Por: Pedro Cornejo
Latinajos que iluminan
Etimológicamente la palabra corromper proviene del latín corrumpere. Dicho término está compuesto por el prefijo con (convergencia, reunión) que muta a cor (por asimilación al estar en contacto con una raíz que comienza por r) y por rumpere, cuyo significado es ‘romper, quebrar, partir, hacer pedazos’. De modo, pues, que corromper hace alusión, originariamente, a la acción conjunta de romper, hacer pedazos o quebrar. No es casual, pues, que el Diccionario de la Lengua Española consigne ‘alterar y trastocar la forma de algo’ como la primera acepción de corromper. Y, como segunda, ‘echar a perder, depravar, dañar o pudrir algo’. Solo en tercer, cuarto y quinto lugar aparecen los significados que habitualmente le damos (‘sobornar a alguien con dádivas o de otra manera’, ‘pervertir a alguien’, ‘hacer que algo se deteriore’) y que, en realidad, derivan de las dos primeras acepciones. Esta reflexión no apunta, por cierto, a naturalizar la corrupción moral pero sí a reconocer que es parte de la condición humana. No obstante, así como el ser humano es corruptible también es perfectible (o eso nos empeñamos en creer) y esta es la tarea ética fundamental: la de alcanzar la excelencia (areté era la palabra griega) como individuo que está integrado dentro de una sociedad.

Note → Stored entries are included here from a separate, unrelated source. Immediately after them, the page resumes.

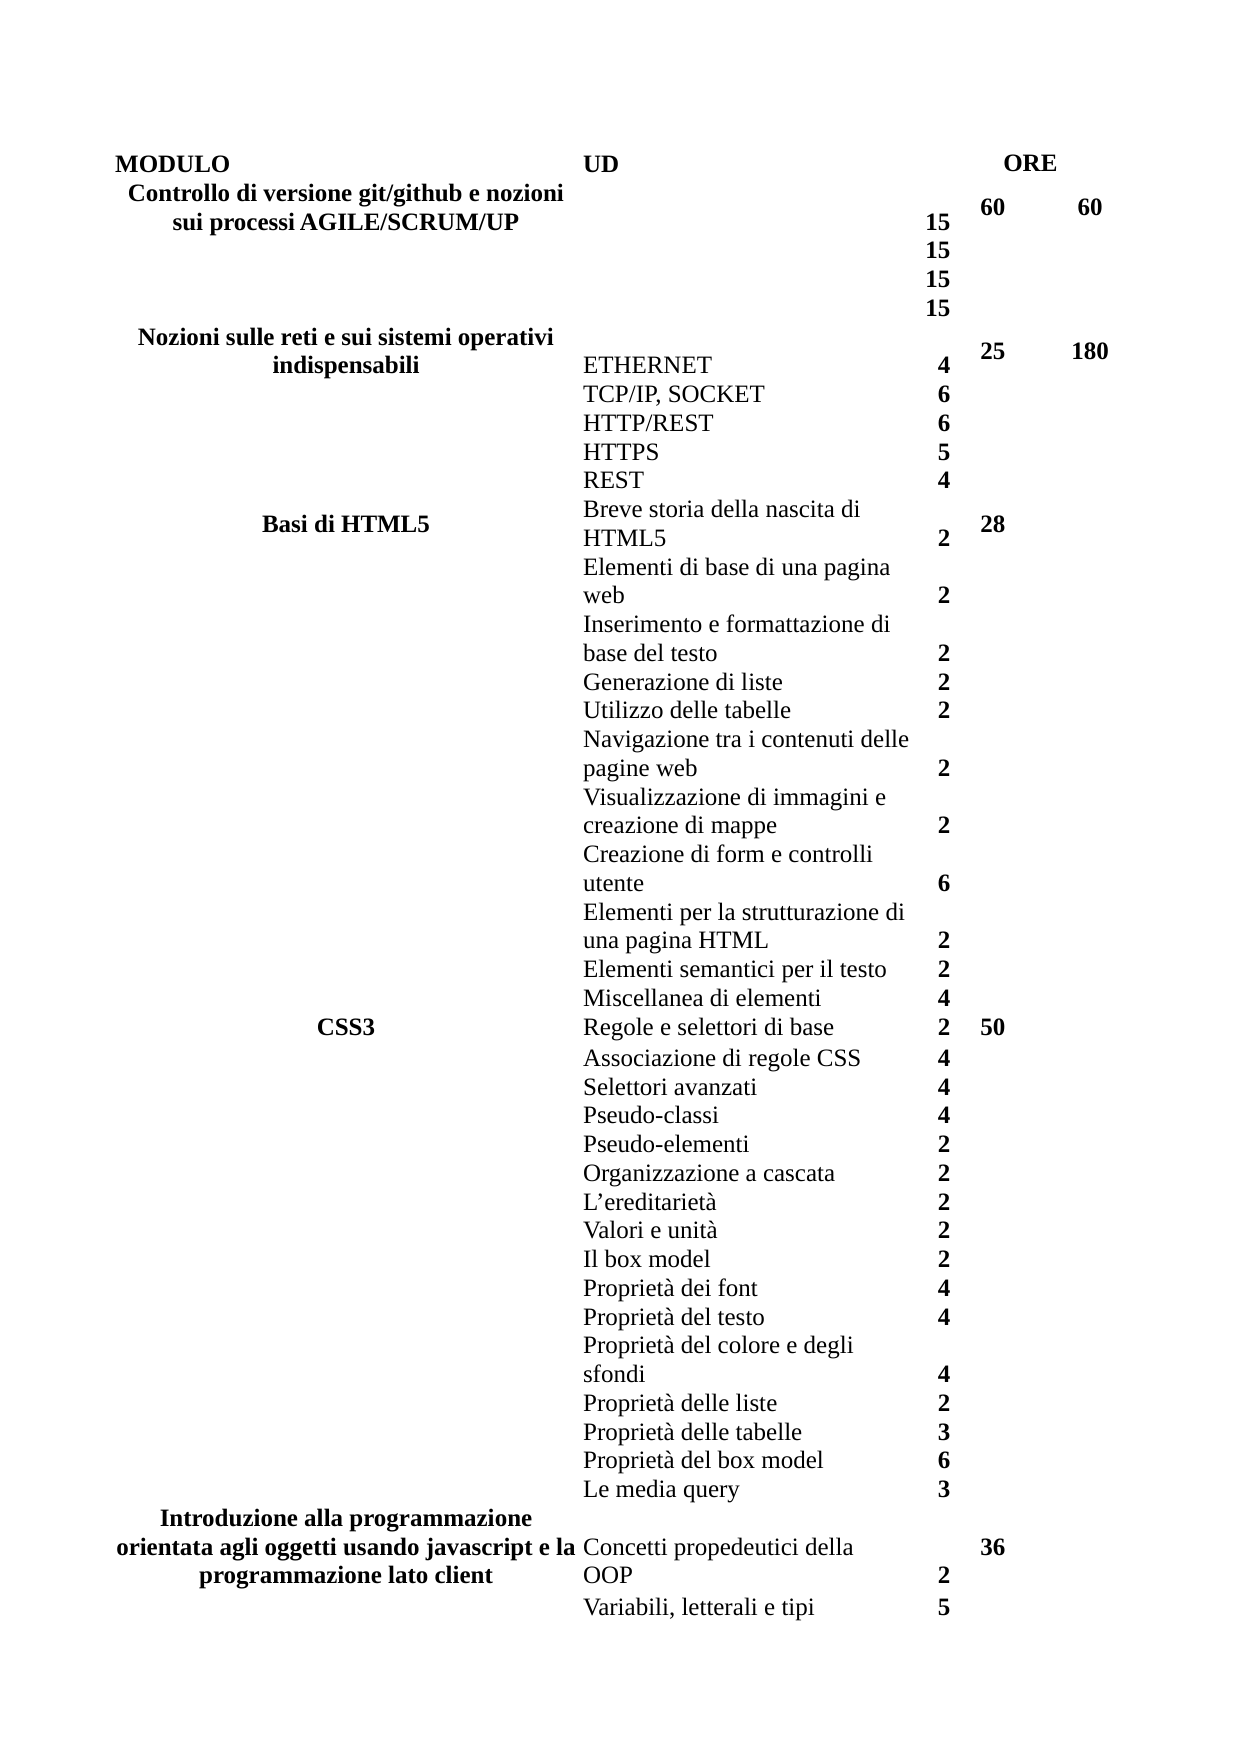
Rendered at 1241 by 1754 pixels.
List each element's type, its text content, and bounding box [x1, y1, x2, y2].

table_cell Le media query [580, 1474, 912, 1503]
table_cell [953, 1273, 1032, 1302]
table_cell [112, 667, 580, 696]
table_cell 2 [913, 1187, 953, 1216]
table_cell [112, 782, 580, 839]
table_cell [953, 1158, 1032, 1187]
table_cell [1032, 1158, 1148, 1187]
table_cell Proprietà dei font [580, 1273, 912, 1302]
table_cell 2 [913, 609, 953, 667]
table_cell [112, 1417, 580, 1446]
table_cell 6 [913, 379, 953, 408]
table_cell [953, 839, 1032, 897]
table_cell [1032, 379, 1148, 408]
table_cell HTTPS [580, 437, 912, 466]
table_cell [953, 1187, 1032, 1216]
table_cell [112, 466, 580, 494]
table_cell [112, 839, 580, 897]
table_cell 2 [913, 667, 953, 696]
table_cell [1032, 954, 1148, 983]
table_cell Visualizzazione di immagini e creazione di mappe [580, 782, 912, 839]
table_cell [112, 696, 580, 724]
table_cell [953, 1446, 1032, 1474]
table_cell 2 [913, 782, 953, 839]
table_cell [112, 1244, 580, 1273]
table_cell [1032, 236, 1148, 264]
table_cell 3 [913, 1417, 953, 1446]
table_cell Proprietà delle tabelle [580, 1417, 912, 1446]
table_cell 4 [913, 983, 953, 1012]
table_cell 60 [953, 178, 1032, 236]
table_cell Introduzione alla programmazione orientata agli oggetti usando javascript e la programmazione lato client [112, 1503, 580, 1589]
table_cell 2 [913, 954, 953, 983]
table_cell 2 [913, 1158, 953, 1187]
table_cell Regole e selettori di base [580, 1012, 912, 1041]
table_cell [1032, 1187, 1148, 1216]
table_cell Creazione di form e controlli utente [580, 839, 912, 897]
table_cell [1032, 983, 1148, 1012]
table_cell [1032, 1041, 1148, 1072]
table_cell Nozioni sulle reti e sui sistemi operativi indispensabili [112, 322, 580, 379]
table_cell [112, 724, 580, 782]
table_cell [112, 264, 580, 293]
table_cell [580, 178, 912, 236]
table_cell [953, 1589, 1032, 1621]
table_cell 6 [913, 839, 953, 897]
table_cell 2 [913, 724, 953, 782]
table_cell [1032, 1446, 1148, 1474]
table_cell [112, 1388, 580, 1417]
table_cell [1032, 1474, 1148, 1503]
table_cell Proprietà del box model [580, 1446, 912, 1474]
table_cell [953, 1331, 1032, 1388]
table_cell [112, 293, 580, 322]
table_cell [953, 897, 1032, 954]
table_cell [953, 379, 1032, 408]
table_cell 2 [913, 552, 953, 609]
table_cell [112, 236, 580, 264]
table_cell [953, 1129, 1032, 1158]
table_cell [1032, 1072, 1148, 1101]
table_cell 3 [913, 1474, 953, 1503]
table_cell Pseudo-elementi [580, 1129, 912, 1158]
table_cell 15 [913, 236, 953, 264]
table_cell 2 [913, 696, 953, 724]
table_cell [1032, 1012, 1148, 1041]
table_cell [1032, 609, 1148, 667]
table_cell [953, 264, 1032, 293]
table_cell Selettori avanzati [580, 1072, 912, 1101]
table_cell [112, 1216, 580, 1244]
table_cell [1032, 1331, 1148, 1388]
table_cell [112, 983, 580, 1012]
table_cell [953, 293, 1032, 322]
table_cell 2 [913, 1388, 953, 1417]
table_cell 2 [913, 1216, 953, 1244]
table_cell [580, 293, 912, 322]
table_cell 2 [913, 897, 953, 954]
table_cell [953, 724, 1032, 782]
table_cell [1032, 437, 1148, 466]
table_cell [112, 1158, 580, 1187]
table_cell 2 [913, 1244, 953, 1273]
table_cell [1032, 696, 1148, 724]
table_cell 15 [913, 178, 953, 236]
table_cell [953, 1072, 1032, 1101]
table_cell 6 [913, 1446, 953, 1474]
table_cell [580, 236, 912, 264]
table_cell Basi di HTML5 [112, 494, 580, 552]
table_cell 6 [913, 408, 953, 437]
table_cell Proprietà del colore e degli sfondi [580, 1331, 912, 1388]
table_cell Proprietà delle liste [580, 1388, 912, 1417]
table_cell 60 [1032, 178, 1148, 236]
table_cell [953, 1388, 1032, 1417]
table_cell [1032, 839, 1148, 897]
table_cell Variabili, letterali e tipi [580, 1589, 912, 1621]
table_cell 36 [953, 1503, 1032, 1589]
table_header UD [580, 147, 912, 178]
table_cell [953, 696, 1032, 724]
table_cell TCP/IP, SOCKET [580, 379, 912, 408]
table_cell [1032, 1101, 1148, 1129]
table_cell 4 [913, 1331, 953, 1388]
table_cell [953, 236, 1032, 264]
table_cell [1032, 897, 1148, 954]
table_cell [112, 954, 580, 983]
table_cell 5 [913, 437, 953, 466]
table_cell HTTP/REST [580, 408, 912, 437]
table_cell Elementi per la strutturazione di una pagina HTML [580, 897, 912, 954]
table_cell [1032, 1388, 1148, 1417]
table_cell [953, 1041, 1032, 1072]
table_cell Breve storia della nascita di HTML5 [580, 494, 912, 552]
table_cell [953, 408, 1032, 437]
table_cell Utilizzo delle tabelle [580, 696, 912, 724]
table_cell REST [580, 466, 912, 494]
table_cell [953, 667, 1032, 696]
table_cell [953, 466, 1032, 494]
table_cell [953, 782, 1032, 839]
table_cell [1032, 1273, 1148, 1302]
table_cell [953, 1244, 1032, 1273]
table_cell [112, 1474, 580, 1503]
table_header ORE [913, 147, 1148, 178]
table_cell [1032, 667, 1148, 696]
table_cell [112, 1129, 580, 1158]
table_cell [1032, 1129, 1148, 1158]
table_cell ETHERNET [580, 322, 912, 379]
table_cell [1032, 1503, 1148, 1589]
table_cell [953, 1302, 1032, 1331]
table_cell [953, 954, 1032, 983]
table_cell Associazione di regole CSS [580, 1041, 912, 1072]
table_cell [112, 1101, 580, 1129]
table_cell 4 [913, 466, 953, 494]
table_cell 50 [953, 1012, 1032, 1041]
table_cell [953, 1216, 1032, 1244]
table_cell [1032, 1244, 1148, 1273]
table_cell [1032, 724, 1148, 782]
table_cell 2 [913, 494, 953, 552]
table_cell 4 [913, 1072, 953, 1101]
table_cell [1032, 408, 1148, 437]
table_cell L’ereditarietà [580, 1187, 912, 1216]
table_cell 4 [913, 1302, 953, 1331]
table_cell 2 [913, 1012, 953, 1041]
table_cell [1032, 1417, 1148, 1446]
table_cell [953, 1417, 1032, 1446]
table_header MODULO [112, 147, 580, 178]
table_cell [112, 437, 580, 466]
table_cell Elementi di base di una pagina web [580, 552, 912, 609]
table_cell [112, 1041, 580, 1072]
table_cell 4 [913, 1101, 953, 1129]
table_cell [953, 1101, 1032, 1129]
table_cell 28 [953, 494, 1032, 552]
table_cell Elementi semantici per il testo [580, 954, 912, 983]
table_cell [112, 1273, 580, 1302]
table_cell [112, 1331, 580, 1388]
table_cell [1032, 1216, 1148, 1244]
table_cell [112, 408, 580, 437]
table_cell 5 [913, 1589, 953, 1621]
table_cell Generazione di liste [580, 667, 912, 696]
table_cell Navigazione tra i contenuti delle pagine web [580, 724, 912, 782]
table_cell 4 [913, 322, 953, 379]
table_cell 2 [913, 1503, 953, 1589]
table_cell CSS3 [112, 1012, 580, 1041]
table_cell [112, 552, 580, 609]
table_cell [1032, 552, 1148, 609]
table_cell Proprietà del testo [580, 1302, 912, 1331]
table_cell [953, 609, 1032, 667]
table_cell 4 [913, 1273, 953, 1302]
table_cell Concetti propedeutici della OOP [580, 1503, 912, 1589]
table_cell [112, 1072, 580, 1101]
table_cell [953, 552, 1032, 609]
table_cell [112, 897, 580, 954]
table_cell Organizzazione a cascata [580, 1158, 912, 1187]
table_cell Controllo di versione git/github e nozioni sui processi AGILE/SCRUM/UP [112, 178, 580, 236]
table_cell [953, 983, 1032, 1012]
table_cell Pseudo-classi [580, 1101, 912, 1129]
table_cell Inserimento e formattazione di base del testo [580, 609, 912, 667]
table_cell [112, 609, 580, 667]
table_cell 2 [913, 1129, 953, 1158]
table_cell [112, 1302, 580, 1331]
table_cell [1032, 1589, 1148, 1621]
table_cell 4 [913, 1041, 953, 1072]
table_cell 15 [913, 293, 953, 322]
table_cell [953, 1474, 1032, 1503]
table_cell [1032, 494, 1148, 552]
table_cell [112, 379, 580, 408]
table_cell [1032, 264, 1148, 293]
table_cell [1032, 466, 1148, 494]
table_cell [953, 437, 1032, 466]
table_cell [1032, 782, 1148, 839]
table_cell Valori e unità [580, 1216, 912, 1244]
table_cell [1032, 1302, 1148, 1331]
table_cell [112, 1187, 580, 1216]
table_cell Il box model [580, 1244, 912, 1273]
table_cell 180 [1032, 322, 1148, 379]
table_cell [1032, 293, 1148, 322]
table_cell [112, 1589, 580, 1621]
table_cell [580, 264, 912, 293]
table_cell 15 [913, 264, 953, 293]
table_cell [112, 1446, 580, 1474]
table_cell Miscellanea di elementi [580, 983, 912, 1012]
table_cell 25 [953, 322, 1032, 379]

Ya Platón denunciaba amargamente la extendida corrupción en Atenas y elevaba la voz para poner en evidencia el escándalo que suponía condenar a Sócrates “por corromper a los jóvenes”. Precisamente a Sócrates que, a juicio de Platón, era el más intachable y probo de los hombres de su época.
Juego sucio
No deja de ser una ironía que, en el reciente pandemónium suscitado por los llamados “audios de la vergüenza”, los protagonistas sean justamente representantes del Poder Judicial, esto es, aquellos que deberían ser la encarnación de la decencia y honorabilidad moral. Por otro lado, es lamentable que no se dimensione verdaderamente lo que está en juego en este penoso asunto. Porque no se trata simplemente de que haya habido coimas, mentiras y malas prácticas, sino que, a través de ellas, se ha echado a perder lo que constituye la argamasa de la que está hecha una sociedad moderna: el respeto por uno mismo y por el otro. En efecto, corromper significa degradar al prójimo a la condición de simple instrumento para un beneficio egoísta. Y dejarse corromper supone permitir que ese daño nos sea infligido. En ambos casos, y para citar a Kant, los involucrados no se tratan a sí mismos como fines sino como medios. Incurren, de ese modo, en la falta ética por excelencia, de la cual se derivan todas las demás.
Reforma sin reformadores
Se podrá decir que la corrupción ha existido desde el inicio de la civilización —recordemos la frase de Rousseau: “el hombre es bueno, es la sociedad la que lo corrompe”— y que lo único relativamente nuevo en este asunto es que los trapos sucios han sido exhibidos públicamente. Pero tal constatación no deja de ser un triste consuelo para una sociedad en la que, como decía González Prada, “donde se pone el dedo, brota la pus”. Pus que parece no terminar de salir nunca de este cuerpo social enfermo, cuya regeneración requiere mucho más que sanciones civiles o penales. Requiere de una reforma radical de la educación en todos sus niveles, algo que, contradictoriamente, deben conducir quienes, teniendo el poder, carecen de autoridad moral para hacerlo. Porca miseria.